In Baltimore, where almost every player has a morning coffee and bagel in complete obscurity, Tex wouldn’t have this problem of gagging in the post-season because, well… – “they don’t play baseball in Baltimore in October”, according to the Director-of-Facts, Ian Eagle of CBS Sports.

Last December, the pride of Severna Park inked his mega-deal with the Yankees because he wanted a handful of opportunitites to win the World Series over the next decade.  He wanted to be the toast of the town.  He wanted to be the team’s new “Mr.

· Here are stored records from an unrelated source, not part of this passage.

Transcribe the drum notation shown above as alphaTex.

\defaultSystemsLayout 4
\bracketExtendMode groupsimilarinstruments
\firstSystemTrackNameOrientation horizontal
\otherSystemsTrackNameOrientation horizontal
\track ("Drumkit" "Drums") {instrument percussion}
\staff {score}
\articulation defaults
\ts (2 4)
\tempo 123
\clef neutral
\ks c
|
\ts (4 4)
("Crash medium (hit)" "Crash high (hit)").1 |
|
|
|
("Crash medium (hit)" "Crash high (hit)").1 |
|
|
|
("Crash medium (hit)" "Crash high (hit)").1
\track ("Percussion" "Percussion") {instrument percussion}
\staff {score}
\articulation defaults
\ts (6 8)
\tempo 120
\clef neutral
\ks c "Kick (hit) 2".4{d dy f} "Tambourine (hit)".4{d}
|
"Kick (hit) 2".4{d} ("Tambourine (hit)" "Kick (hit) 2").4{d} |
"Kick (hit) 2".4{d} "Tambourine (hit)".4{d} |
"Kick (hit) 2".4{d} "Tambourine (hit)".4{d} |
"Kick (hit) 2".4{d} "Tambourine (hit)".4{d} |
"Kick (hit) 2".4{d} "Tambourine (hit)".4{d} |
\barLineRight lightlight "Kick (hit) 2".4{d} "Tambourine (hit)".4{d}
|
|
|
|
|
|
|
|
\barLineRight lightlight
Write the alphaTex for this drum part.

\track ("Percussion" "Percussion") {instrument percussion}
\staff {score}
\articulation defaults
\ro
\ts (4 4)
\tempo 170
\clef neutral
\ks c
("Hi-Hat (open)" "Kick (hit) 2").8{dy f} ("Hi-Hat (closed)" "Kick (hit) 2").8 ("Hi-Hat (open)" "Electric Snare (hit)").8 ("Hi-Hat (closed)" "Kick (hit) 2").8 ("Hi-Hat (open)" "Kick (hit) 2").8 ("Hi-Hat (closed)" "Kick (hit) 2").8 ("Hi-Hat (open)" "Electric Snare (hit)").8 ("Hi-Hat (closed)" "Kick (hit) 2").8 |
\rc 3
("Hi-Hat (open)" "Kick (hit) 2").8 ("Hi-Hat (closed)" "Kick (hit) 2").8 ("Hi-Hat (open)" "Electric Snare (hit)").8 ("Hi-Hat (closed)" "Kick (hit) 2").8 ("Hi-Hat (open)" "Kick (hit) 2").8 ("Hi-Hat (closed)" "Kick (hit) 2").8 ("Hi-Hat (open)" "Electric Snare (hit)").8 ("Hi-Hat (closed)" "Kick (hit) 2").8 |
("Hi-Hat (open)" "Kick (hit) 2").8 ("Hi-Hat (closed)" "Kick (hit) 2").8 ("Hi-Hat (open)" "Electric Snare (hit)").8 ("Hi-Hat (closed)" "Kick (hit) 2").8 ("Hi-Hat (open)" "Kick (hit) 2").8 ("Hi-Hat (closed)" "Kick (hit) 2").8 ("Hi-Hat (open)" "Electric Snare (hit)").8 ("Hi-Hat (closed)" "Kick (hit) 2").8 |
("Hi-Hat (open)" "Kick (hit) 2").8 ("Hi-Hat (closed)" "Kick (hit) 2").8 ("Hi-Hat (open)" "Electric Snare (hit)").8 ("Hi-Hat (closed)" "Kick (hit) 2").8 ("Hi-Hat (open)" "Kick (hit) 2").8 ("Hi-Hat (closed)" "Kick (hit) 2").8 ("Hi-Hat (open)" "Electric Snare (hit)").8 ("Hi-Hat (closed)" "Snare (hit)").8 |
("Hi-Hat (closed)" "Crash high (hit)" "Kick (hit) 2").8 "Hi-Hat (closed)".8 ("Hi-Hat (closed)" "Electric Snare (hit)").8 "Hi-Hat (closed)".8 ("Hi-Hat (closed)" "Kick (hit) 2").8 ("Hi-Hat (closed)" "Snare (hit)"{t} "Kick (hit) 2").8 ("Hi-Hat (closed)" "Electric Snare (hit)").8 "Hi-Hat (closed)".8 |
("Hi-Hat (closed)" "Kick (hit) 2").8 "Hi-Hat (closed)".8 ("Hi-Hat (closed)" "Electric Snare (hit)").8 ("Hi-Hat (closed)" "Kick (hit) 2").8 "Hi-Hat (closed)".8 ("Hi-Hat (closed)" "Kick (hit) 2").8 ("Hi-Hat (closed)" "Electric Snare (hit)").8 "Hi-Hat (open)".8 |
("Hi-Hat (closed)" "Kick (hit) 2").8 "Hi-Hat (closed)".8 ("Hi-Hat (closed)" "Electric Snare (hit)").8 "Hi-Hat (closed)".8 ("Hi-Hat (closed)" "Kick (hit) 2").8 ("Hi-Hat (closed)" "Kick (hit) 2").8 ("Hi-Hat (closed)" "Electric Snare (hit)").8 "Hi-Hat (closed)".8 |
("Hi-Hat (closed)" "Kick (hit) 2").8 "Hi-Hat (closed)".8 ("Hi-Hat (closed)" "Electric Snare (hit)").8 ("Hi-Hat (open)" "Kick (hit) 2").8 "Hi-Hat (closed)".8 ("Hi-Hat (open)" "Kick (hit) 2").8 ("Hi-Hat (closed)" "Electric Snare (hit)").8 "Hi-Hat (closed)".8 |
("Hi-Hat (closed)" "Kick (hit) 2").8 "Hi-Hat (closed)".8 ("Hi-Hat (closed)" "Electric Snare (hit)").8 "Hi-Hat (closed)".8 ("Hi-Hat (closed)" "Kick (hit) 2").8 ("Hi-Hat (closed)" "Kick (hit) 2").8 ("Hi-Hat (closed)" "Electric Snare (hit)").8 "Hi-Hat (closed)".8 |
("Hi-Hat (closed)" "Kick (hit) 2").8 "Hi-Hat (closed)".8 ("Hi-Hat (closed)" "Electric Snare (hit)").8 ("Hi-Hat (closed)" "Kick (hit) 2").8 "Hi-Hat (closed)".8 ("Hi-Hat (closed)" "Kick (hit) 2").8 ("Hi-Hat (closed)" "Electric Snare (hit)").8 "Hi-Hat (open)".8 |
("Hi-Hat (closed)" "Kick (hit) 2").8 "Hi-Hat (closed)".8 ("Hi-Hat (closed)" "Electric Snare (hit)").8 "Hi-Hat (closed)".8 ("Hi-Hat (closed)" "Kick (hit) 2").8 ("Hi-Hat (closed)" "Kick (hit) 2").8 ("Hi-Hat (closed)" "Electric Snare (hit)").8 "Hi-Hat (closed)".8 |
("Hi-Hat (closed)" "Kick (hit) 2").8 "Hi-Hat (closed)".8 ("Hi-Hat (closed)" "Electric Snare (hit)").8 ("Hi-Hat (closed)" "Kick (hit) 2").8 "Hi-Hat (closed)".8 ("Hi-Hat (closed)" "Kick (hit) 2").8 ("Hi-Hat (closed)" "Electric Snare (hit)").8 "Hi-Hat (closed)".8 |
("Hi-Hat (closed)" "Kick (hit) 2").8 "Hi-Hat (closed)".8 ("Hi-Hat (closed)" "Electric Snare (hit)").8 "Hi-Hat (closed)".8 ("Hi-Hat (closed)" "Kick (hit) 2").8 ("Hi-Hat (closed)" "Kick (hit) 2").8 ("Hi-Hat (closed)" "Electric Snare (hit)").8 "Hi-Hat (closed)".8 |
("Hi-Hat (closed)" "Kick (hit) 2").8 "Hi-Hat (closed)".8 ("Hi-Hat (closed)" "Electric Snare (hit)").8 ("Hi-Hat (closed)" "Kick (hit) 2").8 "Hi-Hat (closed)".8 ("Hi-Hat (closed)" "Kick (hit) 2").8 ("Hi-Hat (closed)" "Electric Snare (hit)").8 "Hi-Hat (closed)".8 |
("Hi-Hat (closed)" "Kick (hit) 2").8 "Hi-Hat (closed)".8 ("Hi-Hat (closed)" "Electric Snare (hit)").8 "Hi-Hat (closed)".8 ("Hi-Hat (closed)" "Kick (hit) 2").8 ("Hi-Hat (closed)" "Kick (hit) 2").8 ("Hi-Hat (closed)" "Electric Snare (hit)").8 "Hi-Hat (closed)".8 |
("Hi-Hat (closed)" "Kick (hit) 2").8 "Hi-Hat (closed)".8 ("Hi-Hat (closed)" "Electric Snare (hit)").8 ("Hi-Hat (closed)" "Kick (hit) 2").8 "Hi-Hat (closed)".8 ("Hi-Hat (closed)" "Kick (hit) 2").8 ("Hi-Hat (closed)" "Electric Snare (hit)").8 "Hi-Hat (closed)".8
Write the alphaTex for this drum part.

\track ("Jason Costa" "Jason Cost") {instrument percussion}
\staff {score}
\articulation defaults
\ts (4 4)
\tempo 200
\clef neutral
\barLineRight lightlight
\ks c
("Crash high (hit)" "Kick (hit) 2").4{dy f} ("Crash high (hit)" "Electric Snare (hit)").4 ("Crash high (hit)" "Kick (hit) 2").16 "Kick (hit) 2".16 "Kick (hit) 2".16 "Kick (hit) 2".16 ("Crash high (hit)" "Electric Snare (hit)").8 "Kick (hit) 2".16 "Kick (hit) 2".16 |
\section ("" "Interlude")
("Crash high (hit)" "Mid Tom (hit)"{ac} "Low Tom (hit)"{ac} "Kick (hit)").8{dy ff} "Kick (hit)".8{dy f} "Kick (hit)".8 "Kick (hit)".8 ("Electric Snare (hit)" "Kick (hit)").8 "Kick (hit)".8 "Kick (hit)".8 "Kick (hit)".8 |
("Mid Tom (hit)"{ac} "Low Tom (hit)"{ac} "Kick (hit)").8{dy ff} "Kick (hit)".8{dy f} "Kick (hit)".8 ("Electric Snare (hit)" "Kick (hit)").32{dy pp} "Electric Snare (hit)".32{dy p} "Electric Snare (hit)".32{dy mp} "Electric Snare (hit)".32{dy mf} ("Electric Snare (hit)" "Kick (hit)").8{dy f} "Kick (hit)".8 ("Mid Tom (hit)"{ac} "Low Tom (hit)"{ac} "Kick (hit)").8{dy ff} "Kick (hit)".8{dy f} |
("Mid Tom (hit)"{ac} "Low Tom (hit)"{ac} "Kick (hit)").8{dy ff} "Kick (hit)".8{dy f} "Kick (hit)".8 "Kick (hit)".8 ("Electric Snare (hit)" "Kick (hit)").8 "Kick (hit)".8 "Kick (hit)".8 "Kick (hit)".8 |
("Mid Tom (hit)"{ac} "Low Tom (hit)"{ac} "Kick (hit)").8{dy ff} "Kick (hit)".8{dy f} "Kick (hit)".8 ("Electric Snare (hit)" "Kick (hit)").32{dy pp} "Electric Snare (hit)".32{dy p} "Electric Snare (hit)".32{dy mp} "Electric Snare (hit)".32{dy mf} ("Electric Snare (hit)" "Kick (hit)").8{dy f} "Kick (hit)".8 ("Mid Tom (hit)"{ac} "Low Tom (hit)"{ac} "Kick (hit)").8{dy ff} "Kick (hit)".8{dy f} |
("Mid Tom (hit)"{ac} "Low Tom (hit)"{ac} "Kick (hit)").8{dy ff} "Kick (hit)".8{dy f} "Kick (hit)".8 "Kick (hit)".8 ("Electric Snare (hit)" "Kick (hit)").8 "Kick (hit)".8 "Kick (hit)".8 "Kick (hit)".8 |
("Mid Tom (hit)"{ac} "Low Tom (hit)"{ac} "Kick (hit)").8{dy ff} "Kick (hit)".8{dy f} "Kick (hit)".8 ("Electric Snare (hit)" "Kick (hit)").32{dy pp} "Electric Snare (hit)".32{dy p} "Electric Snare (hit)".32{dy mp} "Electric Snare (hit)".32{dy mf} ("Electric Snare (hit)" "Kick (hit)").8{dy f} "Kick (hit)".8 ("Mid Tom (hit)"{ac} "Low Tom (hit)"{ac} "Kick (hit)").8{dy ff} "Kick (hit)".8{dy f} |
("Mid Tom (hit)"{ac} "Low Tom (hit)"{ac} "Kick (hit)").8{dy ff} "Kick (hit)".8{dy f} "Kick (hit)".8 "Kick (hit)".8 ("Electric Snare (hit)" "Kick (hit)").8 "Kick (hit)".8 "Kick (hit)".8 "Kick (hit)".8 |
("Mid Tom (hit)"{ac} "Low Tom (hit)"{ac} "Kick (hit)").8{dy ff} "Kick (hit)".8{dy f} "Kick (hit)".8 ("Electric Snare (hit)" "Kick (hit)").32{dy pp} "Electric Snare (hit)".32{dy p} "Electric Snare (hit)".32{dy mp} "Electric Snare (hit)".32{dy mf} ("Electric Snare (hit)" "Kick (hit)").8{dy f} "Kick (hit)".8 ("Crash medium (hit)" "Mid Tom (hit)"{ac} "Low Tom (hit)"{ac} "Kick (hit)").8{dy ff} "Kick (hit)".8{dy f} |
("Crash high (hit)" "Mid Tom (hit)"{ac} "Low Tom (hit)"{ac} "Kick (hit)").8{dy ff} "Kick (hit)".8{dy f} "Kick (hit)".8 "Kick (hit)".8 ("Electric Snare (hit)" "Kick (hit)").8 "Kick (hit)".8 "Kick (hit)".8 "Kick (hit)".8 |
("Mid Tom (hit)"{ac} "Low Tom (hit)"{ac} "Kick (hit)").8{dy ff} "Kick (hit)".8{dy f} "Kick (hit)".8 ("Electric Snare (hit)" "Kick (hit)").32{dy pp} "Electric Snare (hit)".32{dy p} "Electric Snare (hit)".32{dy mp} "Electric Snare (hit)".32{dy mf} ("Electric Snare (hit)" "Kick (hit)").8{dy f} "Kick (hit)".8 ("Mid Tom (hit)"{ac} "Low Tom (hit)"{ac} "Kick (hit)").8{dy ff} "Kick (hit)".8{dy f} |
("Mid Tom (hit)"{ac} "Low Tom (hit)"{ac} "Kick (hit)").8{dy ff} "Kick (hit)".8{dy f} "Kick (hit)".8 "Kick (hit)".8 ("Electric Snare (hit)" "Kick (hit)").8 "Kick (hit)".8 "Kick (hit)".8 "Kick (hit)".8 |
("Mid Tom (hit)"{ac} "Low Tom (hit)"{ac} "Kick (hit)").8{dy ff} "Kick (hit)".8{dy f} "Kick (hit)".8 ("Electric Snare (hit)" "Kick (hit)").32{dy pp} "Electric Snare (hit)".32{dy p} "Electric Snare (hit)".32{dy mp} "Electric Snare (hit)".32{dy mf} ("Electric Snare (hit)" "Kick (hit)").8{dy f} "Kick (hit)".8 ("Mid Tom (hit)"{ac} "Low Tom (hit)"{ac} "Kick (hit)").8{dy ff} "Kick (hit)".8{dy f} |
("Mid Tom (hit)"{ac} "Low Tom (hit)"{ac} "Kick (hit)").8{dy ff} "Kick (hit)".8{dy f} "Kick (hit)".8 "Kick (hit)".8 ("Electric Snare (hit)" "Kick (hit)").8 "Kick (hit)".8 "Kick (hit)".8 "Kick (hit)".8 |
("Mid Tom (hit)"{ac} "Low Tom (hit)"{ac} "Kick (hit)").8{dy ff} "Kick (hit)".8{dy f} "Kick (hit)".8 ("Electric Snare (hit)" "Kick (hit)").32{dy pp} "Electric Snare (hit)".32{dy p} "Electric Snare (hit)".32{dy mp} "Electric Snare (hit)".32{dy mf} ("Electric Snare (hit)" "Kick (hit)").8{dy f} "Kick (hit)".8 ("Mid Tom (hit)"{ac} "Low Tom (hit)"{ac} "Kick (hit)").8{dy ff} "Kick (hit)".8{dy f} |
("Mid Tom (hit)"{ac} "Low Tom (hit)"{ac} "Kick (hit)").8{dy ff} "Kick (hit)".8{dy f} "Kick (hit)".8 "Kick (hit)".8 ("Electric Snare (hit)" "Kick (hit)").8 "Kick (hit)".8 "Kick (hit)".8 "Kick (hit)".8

October”.

Be careful what you ask for, kids, cuz’ you just might get it.

It’s not going to get any easier for Teixeira, no matter the outcome of Game 6 and/or (possibly) Game 7.  Unless he hits the game-winning grand slam in one of the next two affairs at Yankee Stadium, his ’09 playoff campaign will go down as dreadful…the subject of much off-season discussion on talk radio and the world wide web.  And no matter what he does in the 2010 regular season, all they’re gonna say in The Bronx is “Yeah, but remember what happened last year?  He was great in the regular season and then he s**t the bed in the playoffs.”

It can take a while to get that playoff monkey off your back.  Just ask A-Rod. 

Yankees broadcaster Ken Singleton was with me on The Comcast Morning Show last week and he said Teixeira is “the nicest kid in the world.”

That might be true.  I trust Ken’s opinion.  Good, solid people – like Singleton – are generally adept at judging the character of others.  

But in New York, right now, Mark Teixeira’s not being judged on whether or not he’s a good kid. 

He’s being judged on making $23 million and not delivering a product worthy of that kind of money.

And he only has 7 years left to prove himself.   

And he has 7 years to prove the Yankees were right – or wrong – for taking him into their home.